Alkalimonas

Scientific classification
- Domain: Bacteria
- Kingdom: Pseudomonadati
- Phylum: Pseudomonadota
- Class: Gammaproteobacteria
- Order: incertae sedis
- Family: incertae sedis
- Genus: Alkalimonas Ma et al. 2007
- Type species: Alkalimonas amylolytica Ma et al. 2007

= Alkalimonas =

Genus of bacteria

Alkalimonas is a genus of bacteria in the phylum Pseudomonadota.

==Etymology==
The name Alkalimonas derives from:
 Neo-Latin noun alkali (from Arabic al-qaliy), ashes of salt wort; Greek feminine gender noun monas (μονάς), nominally meaning "a unit", but in effect meaning a bacterium; Neo-Latin feminine gender noun Alkalimonas, alkaline monad.

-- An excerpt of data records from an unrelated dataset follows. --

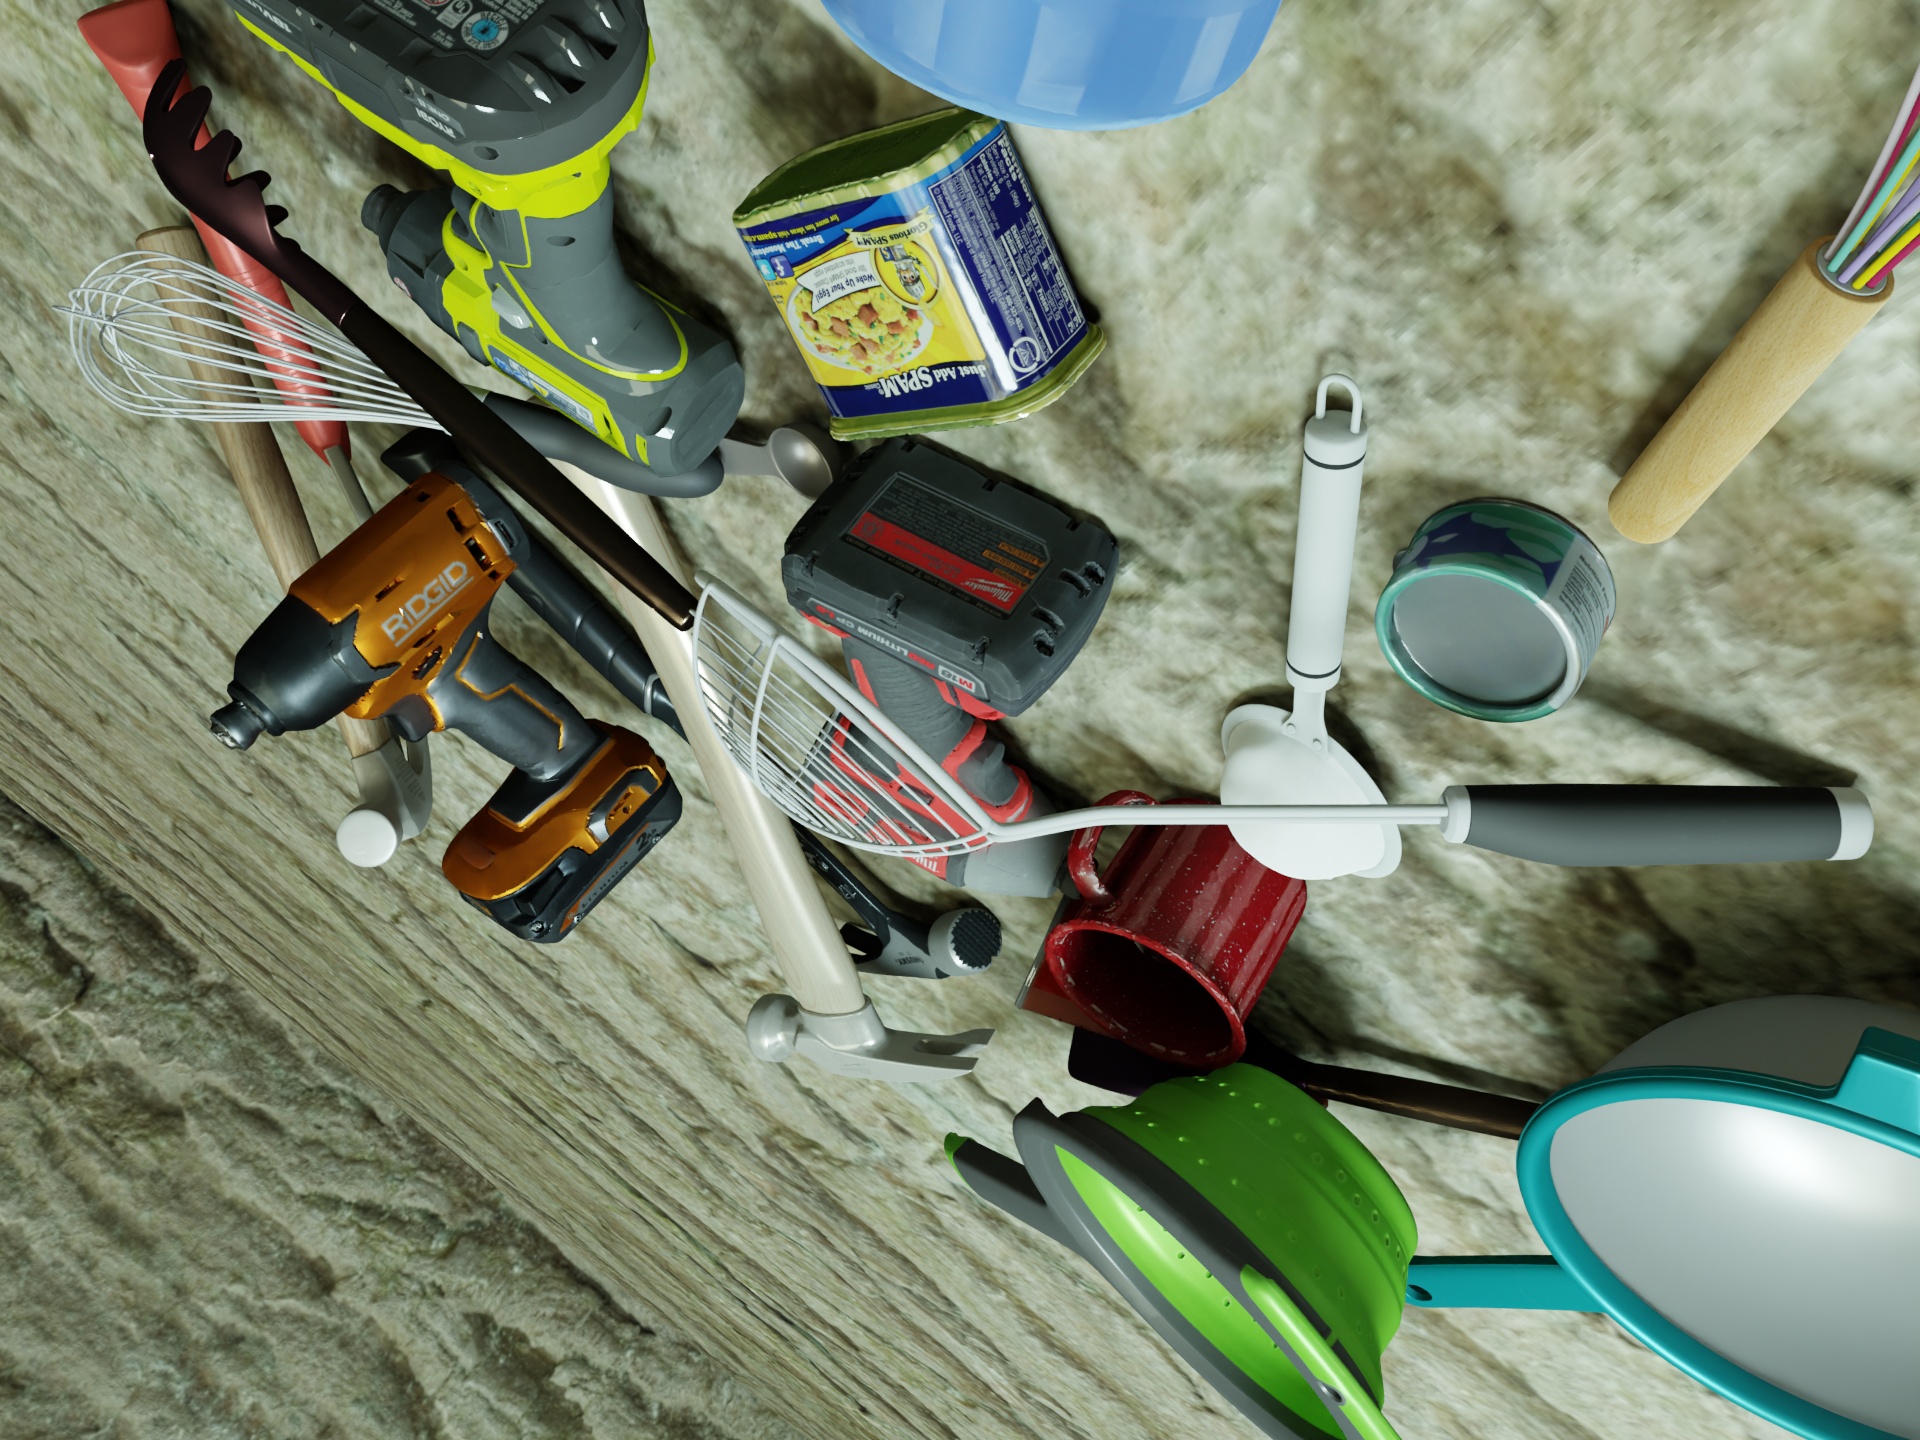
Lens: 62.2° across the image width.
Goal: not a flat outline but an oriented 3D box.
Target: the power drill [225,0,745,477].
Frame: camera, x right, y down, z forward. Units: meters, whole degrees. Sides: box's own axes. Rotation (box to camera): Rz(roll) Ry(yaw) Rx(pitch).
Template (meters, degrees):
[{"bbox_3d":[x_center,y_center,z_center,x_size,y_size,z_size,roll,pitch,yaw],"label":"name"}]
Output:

Members of the genus Alkalimonas can be referred to as alkalimonads (viz. Trivialisation of names).

==Species==
The genus contains 3 species (including basonyms and synonyms), namely
- Alkalimonas amylolytica ( Ma et al. 2007, (Type species of the genus).;: Greek noun amulon, starch; Neo-Latin adjective lyticus -a -um (from Greek adjective lutikos (λυτικός) -ē -on), able to loose, able to dissolve; Neo-Latin feminine gender adjective amylolytica, starch dissolving.)
- Alkalimonas collagenimarina ( Kurata et al. 2007; Neo-Latin noun collagenum, collagen; Latin adjective marinus -a -um, of the sea, marine; Neo-Latin feminine gender adjective collagenimarina, collagenolytic bacterium isolated from the sea.)
- Alkalimonas delamerensis ( Ma et al. 2007; Neo-Latin feminine gender adjective delamerensis, pertaining to Delamere estates, which include Lake Elmenteita (the source of the type strain), Kenya.)